Boxplot distribution of C3 and C4 unigenes.
(A) Length distribution inferred with log(Length). (B) Expression level inferred by log(RPKM) value.
Conclusion and Perspectives
Desert plants have attracted more and more attentions, because they contain plenty of potential genetic resources to adapt to the extremely harsh conditions in their habitats. In the recent years, transcriptome sequencing became a most powerful and efficient approach to uncover genomic information in non-model organisms [82], [83], few studies (but see [84]) focused on exploitation of the molecular basis of drought adaptation of desert plants. In present study, 77,647 unigenes were generated from a Tertiary relic species R. soongorica with the Illumina HiSeq™ 2000 platform and more than half of unigenes has been annotated. At least 123 candidate genes related to drought adaptation were identified by the KEGG annotation and local BLAST, and population genetic study on these candidate genes will help us to better understand the adaptive evolutionary mechanism of R. soongorica. Expression and function analysis of the un-annotated unigenes will be also employed to unravel the specific drought adaptation mechanism in R. soongorica.
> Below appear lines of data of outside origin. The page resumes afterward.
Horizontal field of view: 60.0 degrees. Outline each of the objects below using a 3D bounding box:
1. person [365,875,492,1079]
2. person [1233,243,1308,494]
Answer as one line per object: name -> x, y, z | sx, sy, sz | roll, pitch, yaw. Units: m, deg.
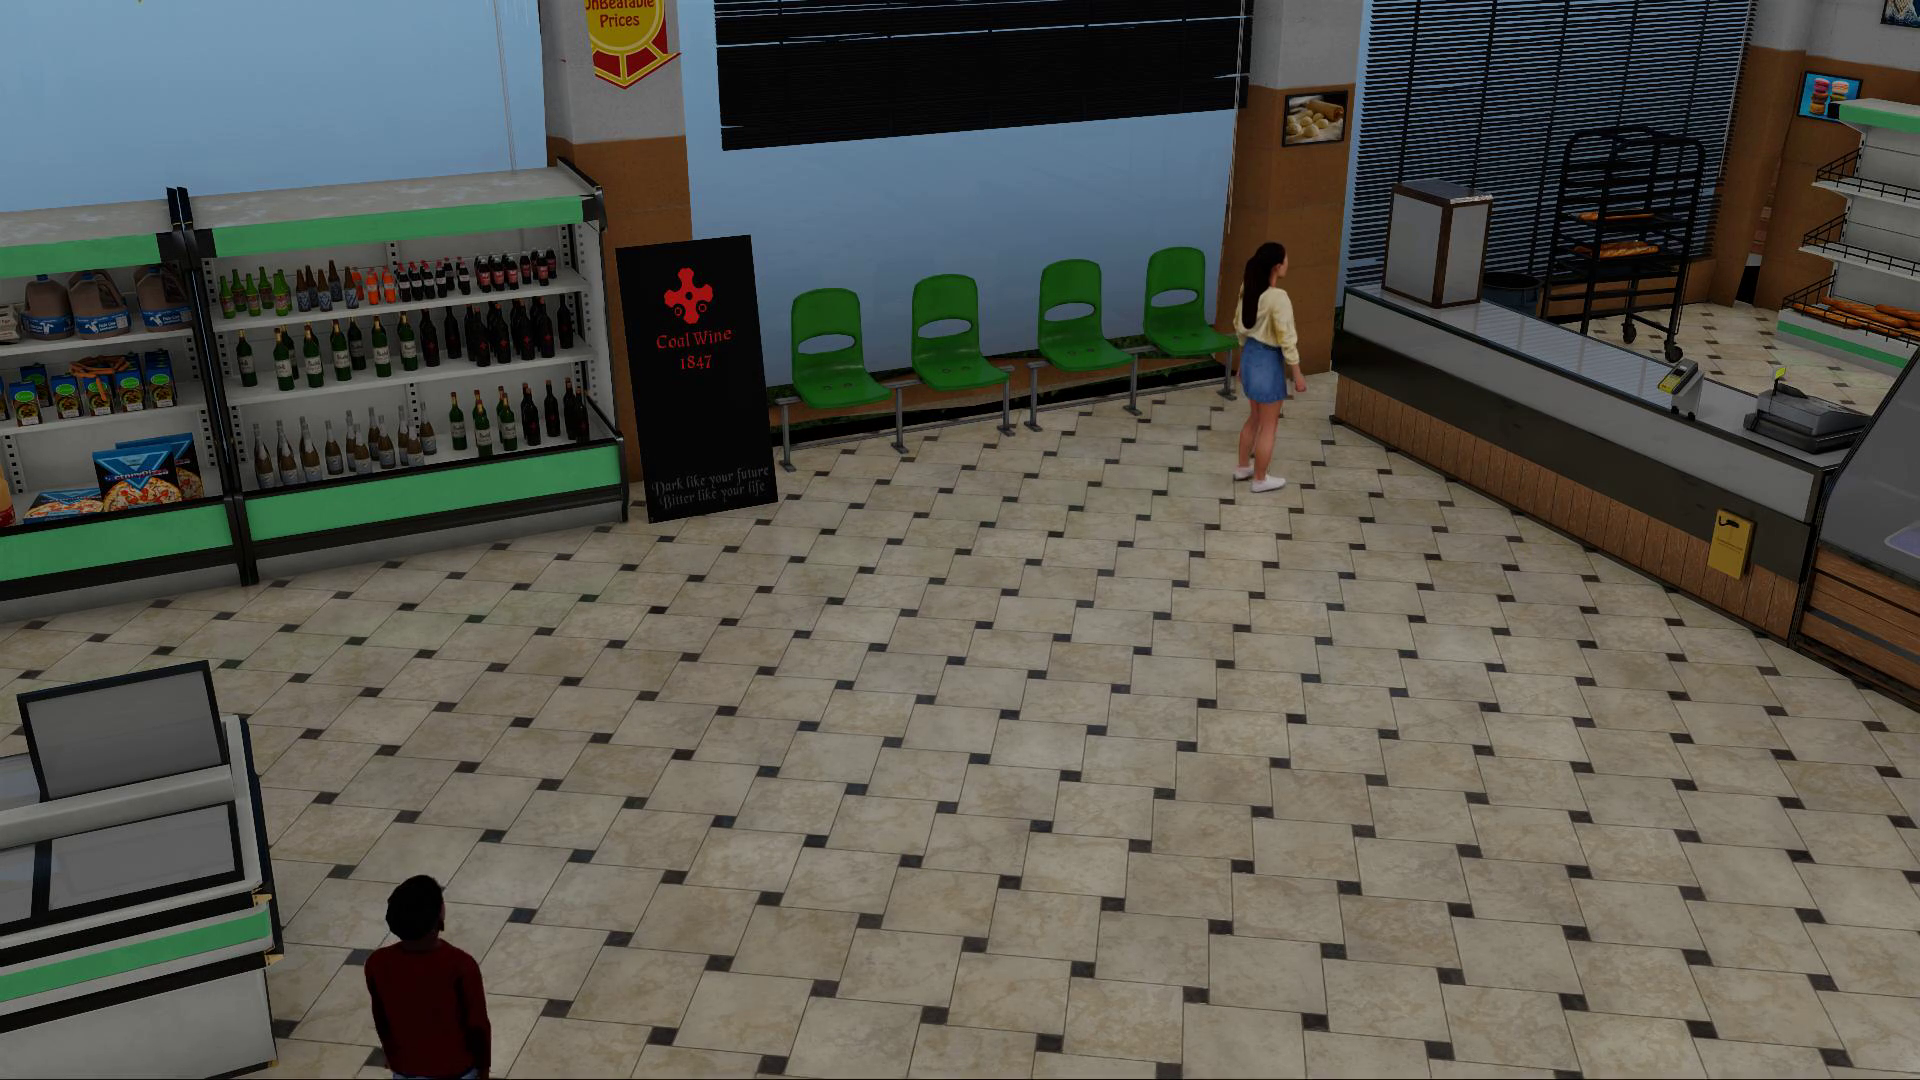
person -> -1.588, 1.577, 4.972 | 0.841, 1.242, 0.724 | -3, 24, -7
person -> 1.892, -1.072, 10.545 | 0.599, 1.628, 0.642 | -11, 26, -23
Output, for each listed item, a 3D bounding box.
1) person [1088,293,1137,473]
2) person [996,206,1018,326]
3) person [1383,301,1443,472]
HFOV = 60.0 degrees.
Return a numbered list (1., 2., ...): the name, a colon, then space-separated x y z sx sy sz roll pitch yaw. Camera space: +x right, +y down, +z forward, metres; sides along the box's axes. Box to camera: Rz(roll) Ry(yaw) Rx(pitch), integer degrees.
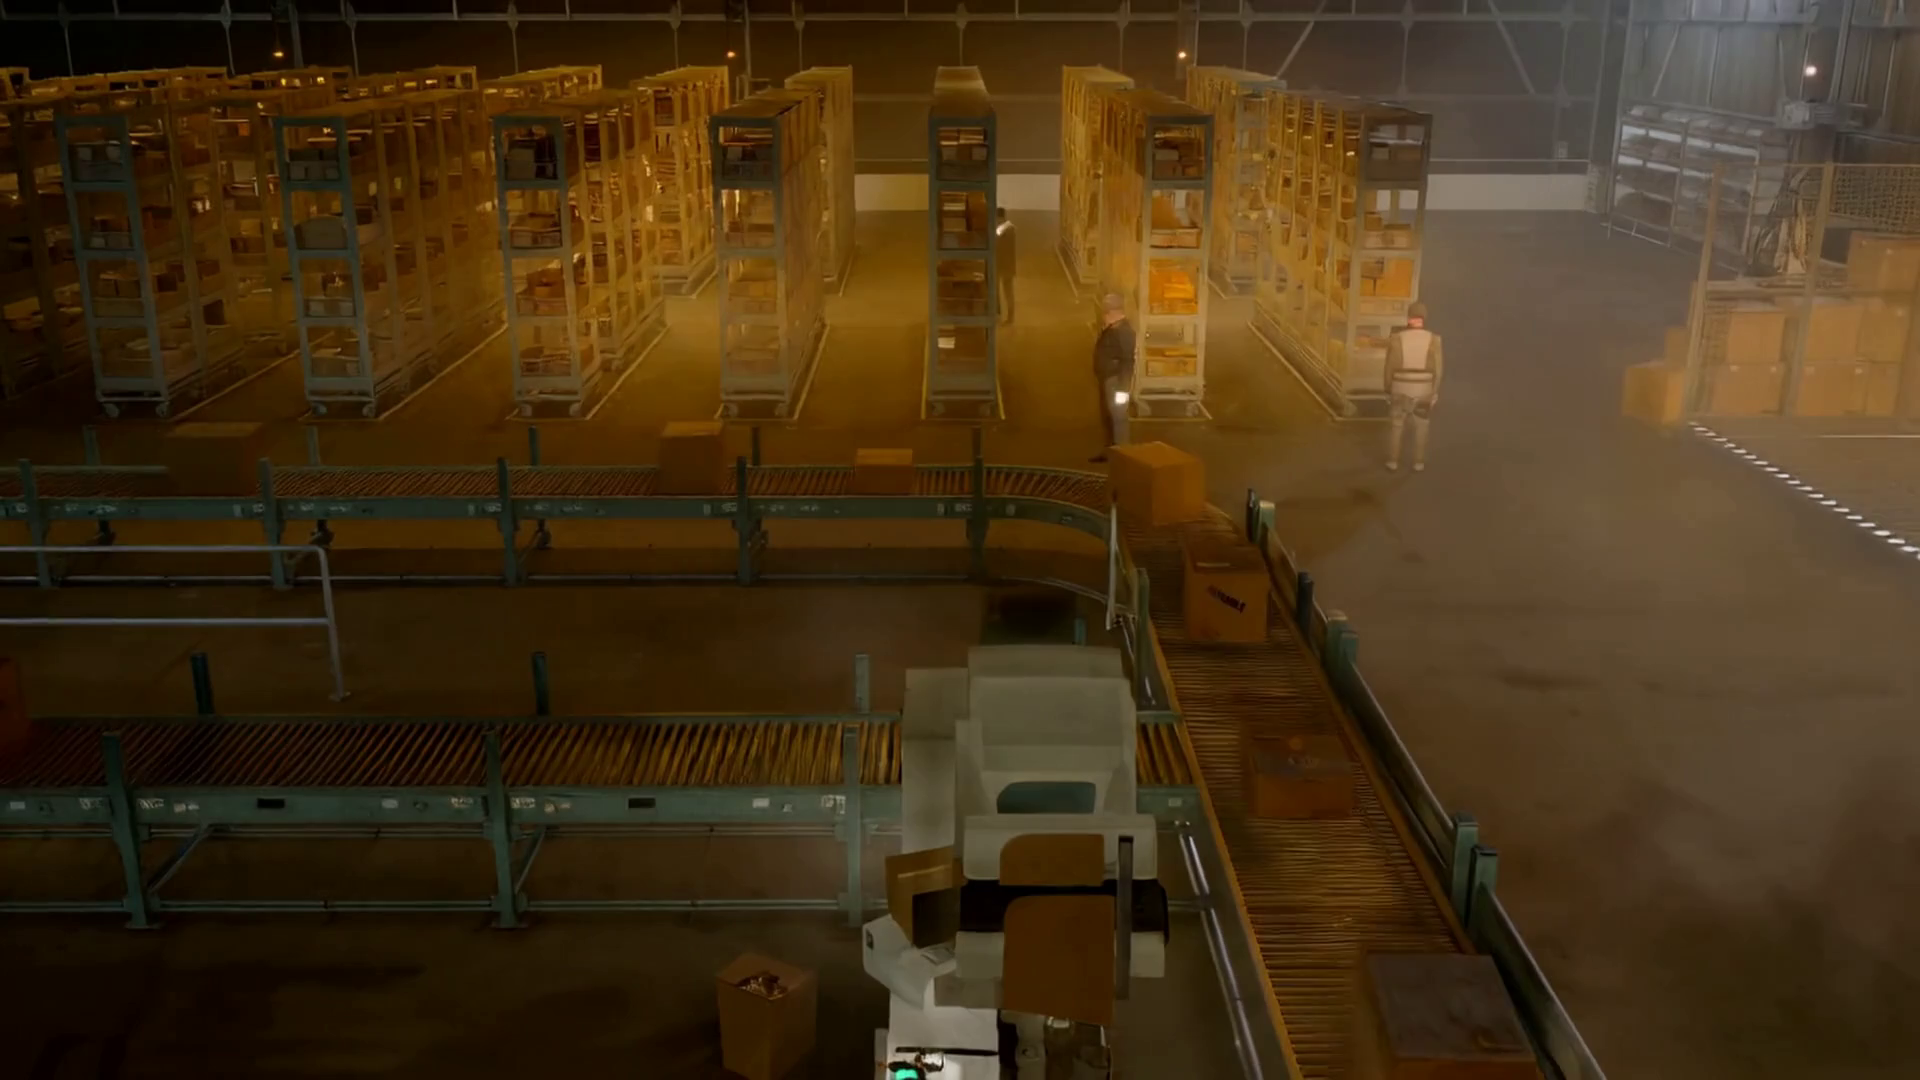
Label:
1. person: 1.619 -1.677 17.714 0.407 1.914 0.639 -5 19 -15
2. person: 0.644 -4.255 25.787 0.573 1.831 0.405 11 21 31
3. person: 4.801 -1.623 17.671 0.600 1.831 0.404 3 18 10
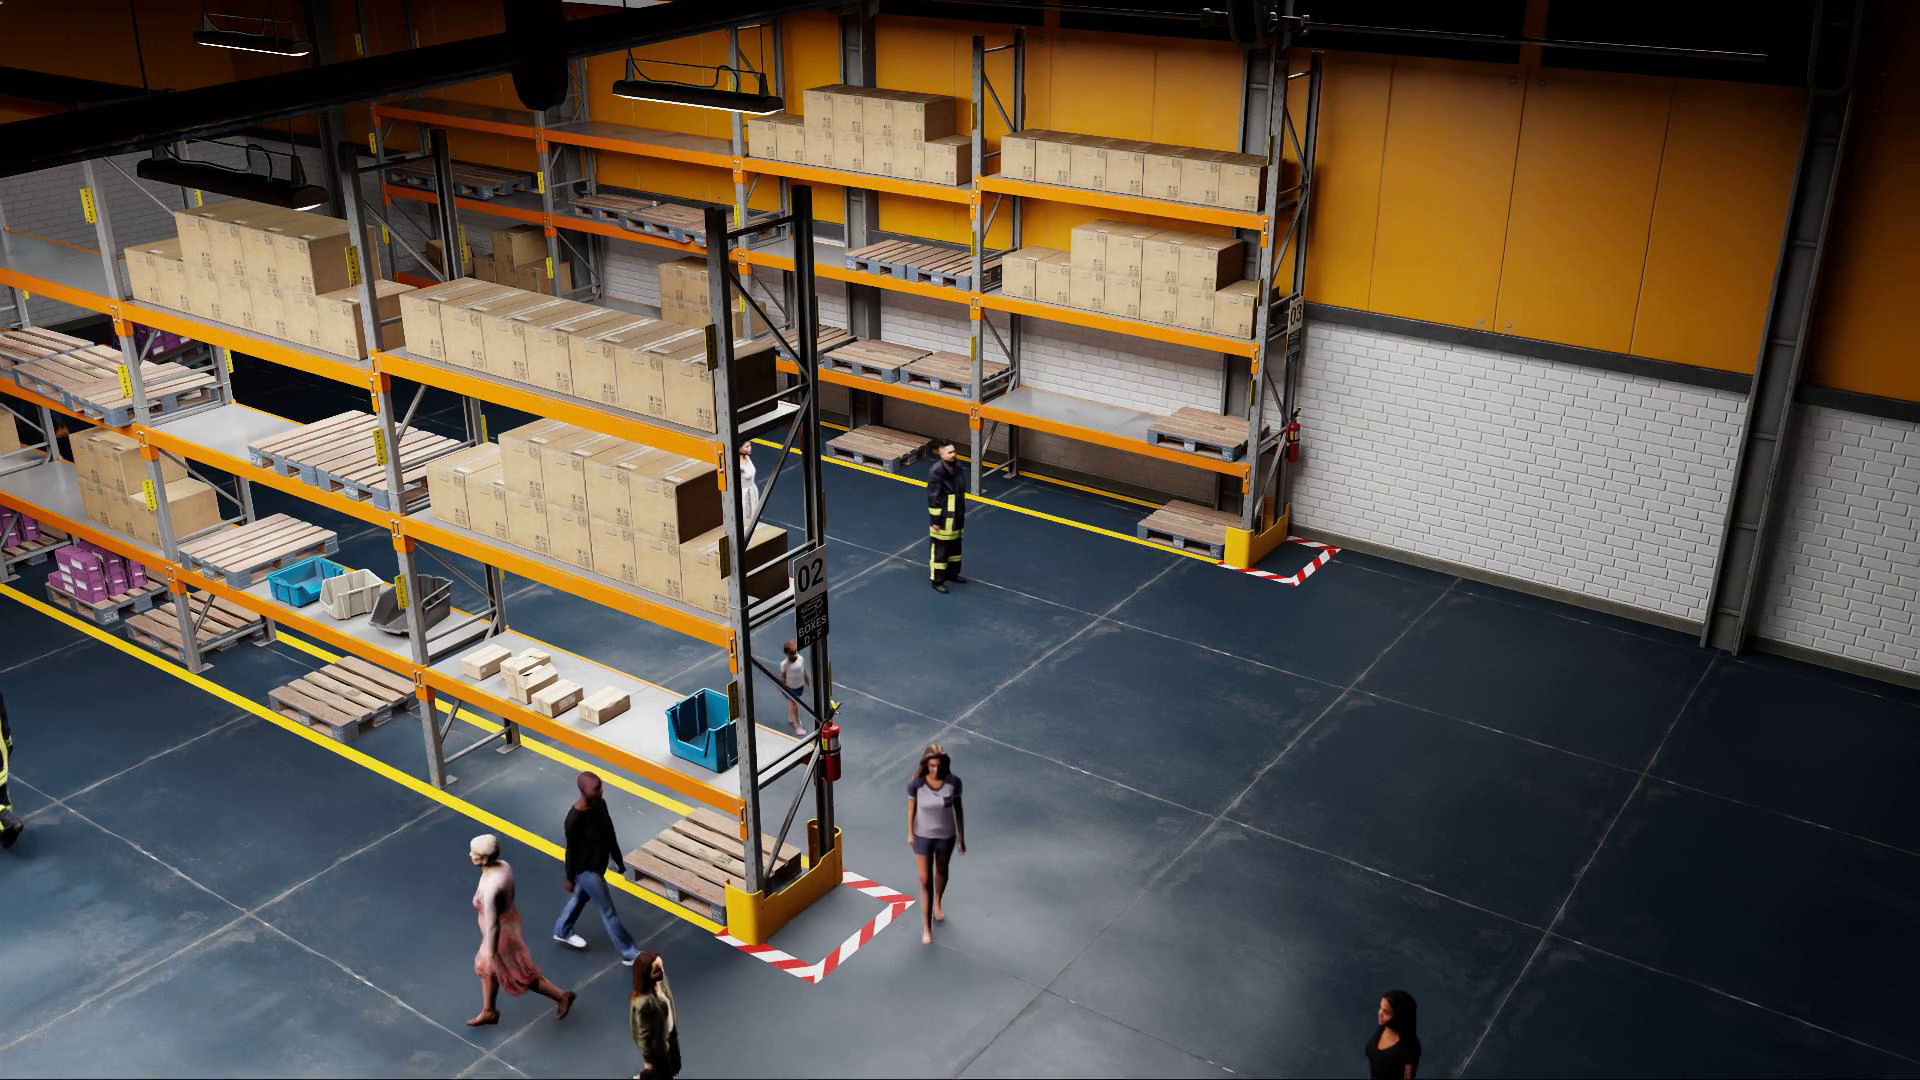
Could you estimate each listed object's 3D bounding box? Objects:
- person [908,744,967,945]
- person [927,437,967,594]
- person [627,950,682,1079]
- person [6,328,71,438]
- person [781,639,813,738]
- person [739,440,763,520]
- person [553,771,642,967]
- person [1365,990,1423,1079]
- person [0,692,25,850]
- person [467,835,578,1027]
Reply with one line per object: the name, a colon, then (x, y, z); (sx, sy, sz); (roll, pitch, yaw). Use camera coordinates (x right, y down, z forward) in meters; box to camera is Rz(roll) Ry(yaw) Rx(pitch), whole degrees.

These endeavors will advance our knowledge of a dominant plant species coping with the global climate change in the fragile desert ecosystems.
Materials and Methods
Ethics Statement
R. soongorica is a species widely distributed in Shashichang, Jingtai County, Gansu province and other arid regions, and it is not included into any list of endangered or protected species. Before collecting the samples, an oral permission was got from the local management of forestry after applying with introduction letters of CAREERI (Cold and Arid Regions Environmental and Engineering Research Institute, Chinese Academy of Sciences).
Plant Materials
Leaves and inflorescences of R. soongorica (Figure S4A) were collected in wild field, Shashichang, Jingtai County, Gansu province, northwest of China (37°21′41″N,104°8′11″E), where the average annual precipitation is 180 mm from 1950 to 2000 (http://www.worldclim.org/). Tissues were immediately frozen in liquid nitrogen for later extraction of total RNA. R. soongorica seeds from the same place were planted on damp filter papers and incubated at 4°C for 4 days before being placed at 23°C under long-day (16 h light/8 h dark) condition with a photosynthetic photon flux density of 150 µmol m−2 s−1. Two weeks after germination, seedlings were harvested for RNA isolation (Figure S4B).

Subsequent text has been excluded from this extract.